The point is that industrially processed foods have a very small volume after consumption, so they do not satisfy you , or only for a very short time. This will make your stomach empty more often, which means that you will also have a higher level of ghrelin , and therefore your appetite will appear more often.

So which diet can you choose? One that satisfies you and you keep the necessary amount of macronutrients and also micronutrients. For example, this:

  • meat - chicken, poultry, pork, beef
  • fish - tuna, mackerel, salmon
  • low-fat dairy products - cheese, cottage cheese, yogurt, skewer
  • Greek yogurt
  • eggs
  • protein - whey or casein, whey is very quickly digested and suitable after training, casein will satiate you for 5 hours
  • wholemeal pasta and pastries
  • brown rice, natural rice
  • potatoes, sweet potatoes
  • avocado
  • lentils, beans
  • broccoli
  • nuts, cashews, pistachios
  • hot chocolate (80% +) - in case you have a sweet tooth
  • in smaller quantities of fruit
  • to the main meal vegetables
  • berries

 

You might be interested in: A list of the best low-calorie foods

 

Unless your food boils over  

  • chips
  • french fries
  • baguettes
  • sweetened beverages
  • sweets
  • milk chocolates
  • cakes and desserts…

 

… So you're fine.

 

How often to eat

Read some women's lifestyle magazine or just follow the modern fitness influencers and you will learn that you should eat smaller portions and more often if you want to start your metabolism. 

A regular dose of food is said to trigger it at full speed and you will probably not gain weight with small portions.

Well, there's a bit of truth to that. This is called the thermal effect of food - paradoxically, during digestion and decomposition of food, the body burns energy. In the case of proteins, it is up to 30% .

So many "experts" unfamiliar with how metabolism works have found that more frequent food consumption speeds up metabolism.

It doesn't really matter to the body whether you eat more or less food at a time. At the end of the day, it is still the same percentage.

So if you eat a total of 150 grams of protein per day and the thermal effect from food is 30%, you will burn 150g of protein x 4 calories x 30% = 180 calories during digestion.

Whether it's 3 servings of 50 grams of protein or 5 servings of 30 grams of protein, it's still based on 180 calories.

Mathematics and scientific research will not let go. In one study , they examined whether the number of meals had an effect on energy expenditure. They tried 1 to 17 meals in one day and found no difference in the total energy burned.
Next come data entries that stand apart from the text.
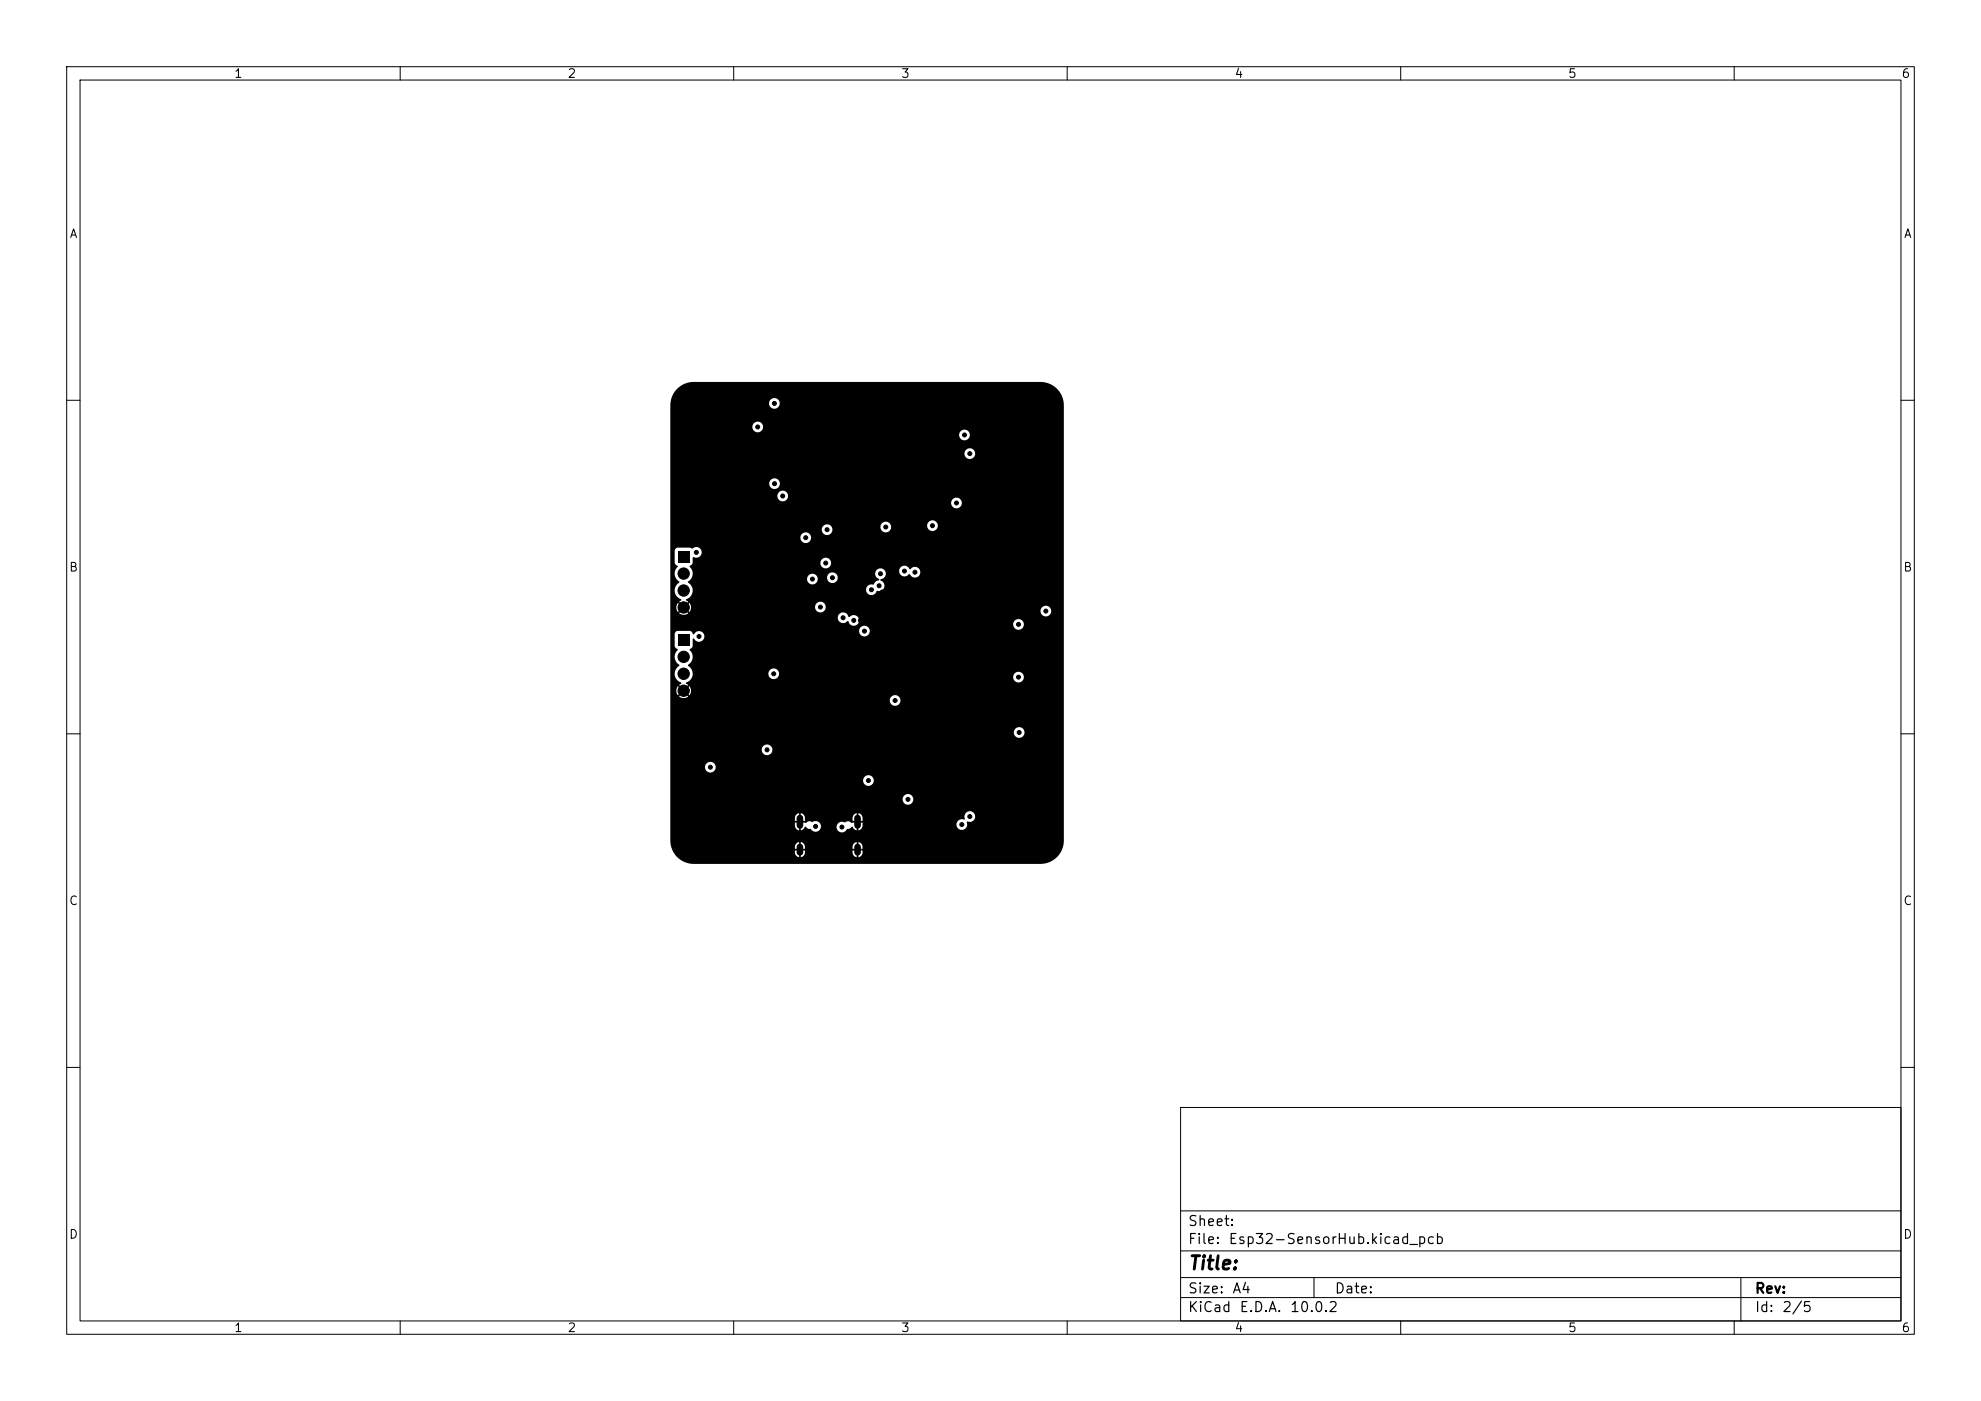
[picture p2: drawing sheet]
<svg xmlns="http://www.w3.org/2000/svg" width="297mm" height="210mm" viewBox="0 0 297 210" stroke-linecap="round" stroke-linejoin="round" font-family="sans-serif">
<defs><g id="words">
<text font-size="2" x="178" y="190.8">Title:</text>
<g font-size="1.5">
<text x="178" y="184.2">Sheet:</text>
<text x="178" y="186.9">File:</text>
<text x="184.1" y="186.9">Esp32-SensorHub.kicad_pcb</text>
<text x="178" y="197.1">KiCad</text>
<text x="178" y="194.3">Size:</text>
<text x="184.7" y="194.3">A4</text>
<text x="185.7" y="197.1">E.D.A.</text>
<text x="193.3" y="197.1">10.0.2</text>
<text x="200" y="194.3">Date:</text>
<text x="263" y="194.3">Rev:</text>
<text x="263" y="197.1">Id:</text>
<text x="267.1" y="197.1">2/5</text>
</g>
<g font-size="1.3">
<text x="35" y="12">1</text>
<text x="85" y="12">2</text>
<text x="135" y="12">3</text>
<text x="185" y="12">4</text>
<text x="235" y="12">5</text>
<text x="285" y="12">6</text>
<text x="10.3" y="36">A</text>
<text x="285.4" y="36">A</text>
<text x="10.3" y="86">B</text>
<text x="285.3" y="86">B</text>
<text x="10.3" y="136">C</text>
<text x="285.3" y="136">C</text>
<text x="10.3" y="186">D</text>
<text x="285.3" y="186">D</text>
<text x="35" y="200">1</text>
<text x="85" y="200">2</text>
<text x="135" y="200">3</text>
<text x="185" y="200">4</text>
<text x="235" y="200">5</text>
<text x="285" y="200">6</text>
</g>
</g></defs>
<g fill="none" stroke="#000" stroke-width=".15">
<path d="M10 10h277v190h-277zM12 12h273v186h-273zM60 10v2M110 10v2M160 10v2M210 10v2M260 10v2M10 60h2M285 60h2M10 110h2M285 110h2M10 160h2"/>
<path d="M177 166h108v32h-108zM285 160h2M60 198v2M110 198v2M160 198v2M177 194.5h108M177 191.5h108M177 187.5h108M177 181.5h108M197 191.5v3M210 198v2M260 198v2"/>
<path d="M261 191.5v6.5"/>
</g>
<path d="M101.5 58.3a3.5 3.5 0 0 1 2.6-1h51.9a3.5 3.5 0 0 1 3.5 3.5v65.2a3.5 3.5 0 0 1-3.5 3.5h-52a3.5 3.5 0 0 1-3.4-2.6h18.6v.3h.4v.3h-.4l.1 .6 .2 .2 .3 .2v-.5h.3v.5a.81 .81 0 0 0 .6-1h-.5v-.3h.5v-.3h7.1v.3h.5v.3h-.5l.1 .6 .2 .2 .3 .2v-.5h.3v.5a.81 .81 0 0 0 .6-1h-.4v-.3h.4v-.3l-.1-.4-.5-.3v.5h-.3v-.5l-.4 .3-.2 .4h-7.1l-.2-.4-.4-.3v.5h-.3v-.5h-.1l-.4 .3-.1 .4h-18.6l-.1-.6v-3.7h18.7v.5h.4v.2h-.4v.6l.3 .4 .3 .2v-.5h.3v.5l.6-.6 .6 .4a.57 .57 0 0 1 .6 .3 .8 .8 0 0 0 1.2-.7h2.3v.2a.86 .86 0 0 0 .8 .7 .86 .86 0 0 0 .9-.5l.3-.1 .4-.3 .3 .4 .3 .2v-.5h.3v.5a.78 .78 0 0 0 .6-1h14.1v.2a.84 .84 0 0 0 1.1 .7 .84 .84 0 0 0 .5-1.2 .88 .88 0 0 0 .9-.2 .88 .88 0 0 0 .3-.8 .84 .84 0 0 0-1.2-.5 .84 .84 0 0 0-.4 1.1l-.1 .1a.8 .8 0 0 0-1.1 .6h-14.1v-.2h-.4v-.2h.4v-.7l-.3-.4-.3-.1v.5h-.3v-.5l-.3 .1-.3 .4v.7h.5v.2h-.7a.84 .84 0 0 0-1 0 .8 .8 0 0 0-1.2 .6h-2.3v-.1a.88 .88 0 0 0-1.4-.6l-.4-.1-.5 .3-.6-.1v-.2h.5v-.5l-.2-.4-.4-.3v.5h-.3v-.5h-.1l-.4 .3-.1 .4h-18.7v-2.9h34.8v.2a.8 .8 0 0 0 1.2 .6 .8 .8 0 0 0 0-1.4 .8 .8 0 0 0-1.2 .6h-34.8v-2.8h28.9v.2a.8 .8 0 0 0 1.2 .6 .8 .8 0 0 0 0-1.4 .8 .8 0 0 0-1.2 .6h-28.9v-2h5.2v.2a.8 .8 0 0 0 1.2 .6 .8 .8 0 0 0 0-1.4 .8 .8 0 0 0-1.2 .6h-5.2v-2.6h13.7v.2a.8 .8 0 0 0 1.2 .6 .8 .8 0 0 0 0-1.4 .8 .8 0 0 0-1.2 .6h-13.7v-2.6h51.5v.2a.8 .8 0 0 0 1.2 .6 .8 .8 0 0 0 0-1.4 .8 .8 0 0 0-1.2 .6h-51.5v-4.8h32.9v.2a.8 .8 0 0 0 1.2 .6 .8 .8 0 0 0 0-1.4 .8 .8 0 0 0-1.2 .6h-32.9v-9.9h.6l.1 1.9 .1 .2 .3 .2v.1a1.45 1.45 0 0 0 .3 2.3 1.46 1.46 0 0 0-.7 1.5 1.46 1.46 0 0 0 1 1.2l-.4 .3 .4 .4-.1 .2-.5-.4v.1a1.1 1.1 0 0 0 0 1.2l.5-.4 .1 .2-.4 .4 .1 .1a1.1 1.1 0 0 0 1.3-.1l-.4-.4 .1-.2 .5 .4v-.1a1.1 1.1 0 0 0 0-1.2l-.5 .4-.1-.2 .4-.4-.4-.3 .2-.1a1.35 1.35 0 0 0 .9-1.4h11.3v.2a.8 .8 0 0 0 .6 .7 .8 .8 0 0 0 .9-.4h35.2v.2a.8 .8 0 0 0 1.2 .6 .8 .8 0 0 0 0-1.4 .8 .8 0 0 0-1.2 .6h-35.2a.8 .8 0 0 0-.5-1.2 .8 .8 0 0 0-1 .7h-11.3a1.44 1.44 0 0 0-.8-1.1l.1-.1a1.45 1.45 0 0 0 .2-2.4l.4-.3 .1-1.2 .2-.1a.81 .81 0 0 0 1.2 .3 .81 .81 0 0 0 0-1.3 .81 .81 0 0 0-1.3 .4h-.1l-.2-.4-.3-.1h-1.9l-.2 .1-.2 .3h-.6v-.5h28.3a.8 .8 0 0 0 1.1 .9 .8 .8 0 0 0 .2-1.4 .8 .8 0 0 0-1.3 .4v.1h-28.3v-2h25.1a.82 .82 0 0 0 .5 .9 .82 .82 0 0 0 1-.3h.1a.81 .81 0 0 0 .6 .7 .81 .81 0 0 0 .8-.3h23.3v.2a.8 .8 0 0 0 1.2 .6 .8 .8 0 0 0 0-1.4 .8 .8 0 0 0-1.2 .6h-23.3a.82 .82 0 0 0-.1-1.1 .82 .82 0 0 0-1.2 .1h-.1a.81 .81 0 0 0-.8-.7 .81 .81 0 0 0-.8 .7h-25.1v-10h.6l.1 1.9 .1 .2 .3 .2v.2a1.45 1.45 0 0 0 .3 2.3 1.46 1.46 0 0 0-.7 1.4 1.46 1.46 0 0 0 1 1.2l-.4 .3 .4 .4-.1 .2-.5-.4v.1a1.1 1.1 0 0 0 0 1.2l.5-.4 .1 .2-.4 .4 .1 .1a1.1 1.1 0 0 0 1.3-.1l-.4-.4 .1-.2 .5 .4 .2-.4v-.4h18.6v.2a.8 .8 0 0 0 .6 .7 .8 .8 0 0 0 .8-.3h32.4v.2a.8 .8 0 0 0 1.2 .6 .8 .8 0 0 0 0-1.4 .8 .8 0 0 0-1.2 .6h-32.4a.8 .8 0 0 0-.3-1.2 .8 .8 0 0 0-1.1 .6h-18.6l-.2-.5-.5 .4-.1-.2 .4-.4-.3-.2v-.2a1.34 1.34 0 0 0 .9-1.5h26v.2a.82 .82 0 0 0 .8 .7 .82 .82 0 0 0 .9-.6 .84 .84 0 0 0 1.1-.5 .84 .84 0 0 0-.6-1.1 .31 .31 0 0 1 .4-.3 .8 .8 0 0 0 .2-1.2h2.2v.2a.86 .86 0 0 0 .7 .7 .86 .86 0 0 0 .9-.4 .82 .82 0 0 0 1.1 .6 .82 .82 0 0 0 .4-1.2 .82 .82 0 0 0-1.2-.2l-.3 .1a.84 .84 0 0 0-.9-.5 .84 .84 0 0 0-.7 .7h-2.2a.81 .81 0 0 0-1.3 .1 .81 .81 0 0 0 .5 1.2v.2l-.4 .1-.3 .3a.36 .36 0 0 1-.5 .2l-.5 .2-.3 .5h-26a1.43 1.43 0 0 0-.7-1l.1-.1 .4-.5h17.4v.2a.8 .8 0 0 0 1 .7 .8 .8 0 0 0 .6-1.1h1.4v.2a.8 .8 0 0 0 1.2 .6 .8 .8 0 0 0 0-1.4 .8 .8 0 0 0-1.2 .6h-1.4l-.1-.1a.8 .8 0 0 0-.9-.4 .8 .8 0 0 0-.6 .7h-17.3a1.54 1.54 0 0 0-.3-1.8l.3-.3 .2-.3h19.1v.2a.8 .8 0 0 0 1.2 .6 .8 .8 0 0 0 0-1.4 .8 .8 0 0 0-1.2 .6h-19.1v-.8a.84 .84 0 0 0 1.2-.2 .84 .84 0 0 0-.2-1.2 .84 .84 0 0 0-1.2 .1l-.3-.1h-1.8l-.3 .1-.2 .3h-.6v-2h19.5a.8 .8 0 0 0 1.1 .9 .8 .8 0 0 0 .2-1.4 .8 .8 0 0 0-1.3 .4v.1h-19.5v-1.2h22.7a.8 .8 0 0 0 1 .9 .8 .8 0 0 0 .4-1.3h7.4v.2a.8 .8 0 0 0 1 .7 .8 .8 0 0 0 .6-1.1h5.4v.2a.8 .8 0 0 0 1.2 .6 .8 .8 0 0 0 0-1.4 .8 .8 0 0 0-1.2 .6h-5.4l-.1-.1a.8 .8 0 0 0-.9-.4 .8 .8 0 0 0-.6 .7h-7.4a.8 .8 0 0 0-.8-.3 .8 .8 0 0 0-.6 .7h-22.7v-4h42.1v.2a.8 .8 0 0 0 1.2 .6 .8 .8 0 0 0 0-1.4 .8 .8 0 0 0-1.2 .6h-42.1v-1h16v.1a.8 .8 0 0 0 1.3 .6 .8 .8 0 0 0 0-1.3 .8 .8 0 0 0-1.3 .6h-16v-1.9h14.8v.2a.8 .8 0 0 0 1.2 .6 .8 .8 0 0 0 0-1.4 .8 .8 0 0 0-1.2 .6h-14.8v-4.5h44.1v.2a.8 .8 0 0 0 1.2 .6 .8 .8 0 0 0 0-1.4 .8 .8 0 0 0-1.2 .6h-44.1v-2.8h43.3v.2a.8 .8 0 0 0 1.2 .6 .8 .8 0 0 0 0-1.4 .8 .8 0 0 0-1.2 .6h-43.3v-1.2h12.3v.2a.8 .8 0 0 0 1.2 .6 .8 .8 0 0 0 0-1.4 .8 .8 0 0 0-1.2 .6h-12.3v-3.5h14.8v.1a.8 .8 0 0 0 1.2 .7 .8 .8 0 0 0 0-1.4 .8 .8 0 0 0-1.2 .6h-14.8a3.5 3.5 0 0 1 1-2.1zM101.6 82.6h1.7v1.7h-1.7zM101.6 95.1h1.7v1.7h-1.7z" fill="#000"/>
<g fill="#000" stroke="#000" stroke-width=".15">
<circle cx="102.8" cy="59.5" r=".4"/>
<circle cx="104.5" cy="58.8" r=".4"/>
<circle cx="106.2" cy="59.5" r=".4"/>
<circle cx="115.9" cy="58" r=".3"/>
<circle cx="140" cy="58.3" r=".3"/>
<circle cx="153.8" cy="59.6" r=".4"/>
<circle cx="155.5" cy="58.9" r=".4"/>
<circle cx="157.2" cy="59.6" r=".4"/>
<circle cx="102.1" cy="61.2" r=".4"/>
<circle cx="102.8" cy="62.9" r=".4"/>
<circle cx="104.5" cy="61.2" r="3.2"/>
<circle cx="104.5" cy="63.6" r=".4"/>
<circle cx="106.2" cy="62.9" r=".4"/>
<circle cx="106.9" cy="61.2" r=".4"/>
<circle cx="109.5" cy="67.5" r=".3"/>
<circle cx="113.6" cy="64" r=".3"/>
<circle cx="116.1" cy="60.5" r=".3"/>
<circle cx="116.1" cy="72.5" r=".3"/>
<circle cx="117.4" cy="74.4" r=".3"/>
<circle cx="124" cy="79.4" r=".3"/>
<circle cx="127.2" cy="66.7" r=".3"/>
<circle cx="127.2" cy="65.3" r=".3"/>
<circle cx="127.9" cy="64.6" r=".3"/>
<circle cx="127.9" cy="67.4" r=".3"/>
<circle cx="127.9" cy="66" r=".3"/>
<circle cx="128.6" cy="66.7" r=".3"/>
<circle cx="128.6" cy="65.3" r=".3"/>
<circle cx="129.3" cy="64.6" r=".3"/>
<circle cx="129.3" cy="67.4" r=".3"/>
<circle cx="129.3" cy="66" r=".3"/>
<circle cx="130" cy="65.3" r=".3"/>
<circle cx="130" cy="66.7" r=".3"/>
<circle cx="132.8" cy="79" r=".3"/>
<circle cx="139.8" cy="78.8" r=".3"/>
<circle cx="143.4" cy="75.4" r=".3"/>
<circle cx="144.6" cy="65.2" r=".3"/>
<circle cx="145.4" cy="68" r=".3"/>
<circle cx="146.7" cy="67.5" r=".3"/>
<circle cx="152.7" cy="67.5" r=".3"/>
<circle cx="153.1" cy="61.3" r=".4"/>
<circle cx="153.8" cy="63" r=".4"/>
<circle cx="155.5" cy="63.7" r=".4"/>
<circle cx="155.5" cy="61.3" r="3.2"/>
<circle cx="157.2" cy="63" r=".4"/>
<circle cx="157.9" cy="61.3" r=".4"/>
<circle cx="101.3" cy="92.8" r=".3"/>
<circle cx="102.5" cy="98.5" r=".85"/>
<circle cx="102.5" cy="86" r=".85"/>
<circle cx="102.5" cy="91.1" r=".85"/>
<circle cx="102.5" cy="88.5" r=".85"/>
<circle cx="103.7" cy="92.8" r=".3"/>
<circle cx="104.4" cy="82.8" r=".3"/>
<circle cx="104.8" cy="95.4" r=".3"/>
<circle cx="120.8" cy="80.6" r=".3"/>
<circle cx="121.8" cy="86.8" r=".3"/>
<circle cx="123" cy="91" r=".3"/>
<circle cx="123.8" cy="84.4" r=".3"/>
<circle cx="124.8" cy="86.6" r=".3"/>
<circle cx="126.4" cy="92.6" r=".3"/>
<circle cx="127.8" cy="88.3" r=".3"/>
<circle cx="128" cy="93" r=".3"/>
<circle cx="129" cy="93" r=".3"/>
<circle cx="129.6" cy="94.6" r=".3"/>
<circle cx="129.8" cy="85.8" r=".3"/>
<circle cx="129.9" cy="93.2" r=".3"/>
<circle cx="130.6" cy="88.4" r=".3"/>
<circle cx="131.8" cy="87.8" r=".3"/>
<circle cx="132" cy="86" r=".3"/>
<circle cx="132.2" cy="88.8" r=".3"/>
<circle cx="132.6" cy="92.1" r=".3"/>
<circle cx="133.4" cy="93.8" r=".3"/>
<circle cx="135.6" cy="85.6" r=".3"/>
<circle cx="137.2" cy="85.8" r=".3"/>
<circle cx="152.2" cy="97.5" r=".3"/>
<circle cx="152.7" cy="93.6" r=".3"/>
<circle cx="153.6" cy="98.4" r=".3"/>
<circle cx="155.2" cy="91.4" r=".3"/>
<circle cx="155.7" cy="99" r=".3"/>
<circle cx="156.8" cy="91.6" r=".3"/>
<circle cx="156.9" cy="88.3" r=".3"/>
<circle cx="101.2" cy="105.5" r=".3"/>
<circle cx="102.5" cy="101" r=".85"/>
<circle cx="102.5" cy="103.5" r=".85"/>
<circle cx="103.5" cy="105.5" r=".3"/>
<circle cx="106" cy="113" r=".3"/>
<circle cx="106.5" cy="115" r=".3"/>
<circle cx="108.8" cy="108.5" r=".3"/>
<circle cx="108.8" cy="107.2" r=".3"/>
<circle cx="113.5" cy="115.5" r=".3"/>
<circle cx="115" cy="112.4" r=".3"/>
<circle cx="116" cy="101" r=".3"/>
<circle cx="118" cy="107.2" r=".3"/>
<circle cx="119.4" cy="113.4" r=".3"/>
<circle cx="124.1" cy="119.4" r=".3"/>
<circle cx="130.2" cy="117" r=".3"/>
<circle cx="134.2" cy="105" r=".3"/>
<circle cx="136.1" cy="119.8" r=".3"/>
<circle cx="143.8" cy="104" r=".3"/>
<circle cx="149.7" cy="100.2" r=".3"/>
<circle cx="152.7" cy="101.5" r=".3"/>
<circle cx="152.8" cy="109.8" r=".3"/>
<circle cx="156.8" cy="100.5" r=".3"/>
<circle cx="102.1" cy="125.5" r=".4"/>
<circle cx="102.8" cy="123.8" r=".4"/>
<circle cx="102.8" cy="127.2" r=".4"/>
<circle cx="104.5" cy="125.5" r="3.2"/>
<circle cx="104.5" cy="127.9" r=".4"/>
<circle cx="104.5" cy="123.1" r=".4"/>
<circle cx="106.2" cy="123.8" r=".4"/>
<circle cx="106.2" cy="127.2" r=".4"/>
<circle cx="106.9" cy="125.5" r=".4"/>
<circle cx="118" cy="122" r=".3"/>
<circle cx="120.3" cy="121.5" r=".3"/>
<circle cx="122.3" cy="123.9" r=".3"/>
<circle cx="126.2" cy="124" r=".3"/>
<circle cx="127.6" cy="121.5" r=".3"/>
<circle cx="131" cy="122" r=".3"/>
<circle cx="139.6" cy="120.1" r=".3"/>
<circle cx="139.6" cy="122.7" r=".3"/>
<circle cx="140.9" cy="125.8" r=".3"/>
<circle cx="143" cy="125.8" r=".3"/>
<circle cx="144.2" cy="123.6" r=".3"/>
<circle cx="145.4" cy="122.4" r=".3"/>
<circle cx="153.1" cy="125.5" r=".4"/>
<circle cx="153.8" cy="123.8" r=".4"/>
<circle cx="153.8" cy="127.2" r=".4"/>
<circle cx="155.5" cy="125.5" r="3.2"/>
<circle cx="155.5" cy="123.1" r=".4"/>
<circle cx="155.5" cy="127.9" r=".4"/>
<circle cx="157.2" cy="123.8" r=".4"/>
<circle cx="157.2" cy="127.2" r=".4"/>
<circle cx="157.9" cy="125.5" r=".4"/>
</g>
<path d="M119.9 122.6v1.1M119.9 127v.8M128.6 122.6v1.1M128.6 127v.8" fill="none" stroke="#000" stroke-width="1"/>
<use href="#words"/>
</svg>

They confirmed only what is clear mathematically:

  • more smaller meals will cause a more frequent but shorter increase in metabolism
  • fewer larger meals will cause longer and greater increases in metabolism.

But at the end of the day, it's always the same number.

So it's not about whether you eat three, five, six or more times a day. It's just a matter of which diet suits you better.

Someone will stay fine without food until lunch. Someone needs to put something in the morning.

No matter how you set your diet to lose weight, it will not destroy or slow down your metabolism or endanger weight loss. Anyone who claims the opposite has no idea how the body and metabolism work.

 

The size of meals to lose weight

Just as it doesn't matter how often you eat, it doesn't matter how big your portions are. Of course, physiologically, it's impossible for you to put more large portions into yourself, just more calorie bombs that won't saturate you in any way, so you can go through them.

Again, it only depends on what suits you better. If you prefer fewer larger meals, but more smaller meals, or a few smaller ones, and at the end of the day one big or a good breakfast and several smaller meals during the day, it doesn't matter what you choose.

There is only one rule to follow. Does it suit you and is it sustainable for you? So do it.

 

Sample weight loss menus for download

I have prepared a sample menu for you. You can view and download it :

A word at the end of the diet and diet for weight loss

Choosing a suitable diet and compiling weight loss menus is not difficult. It's just the fitness industry that makes it complicated for you to sell your nonsense.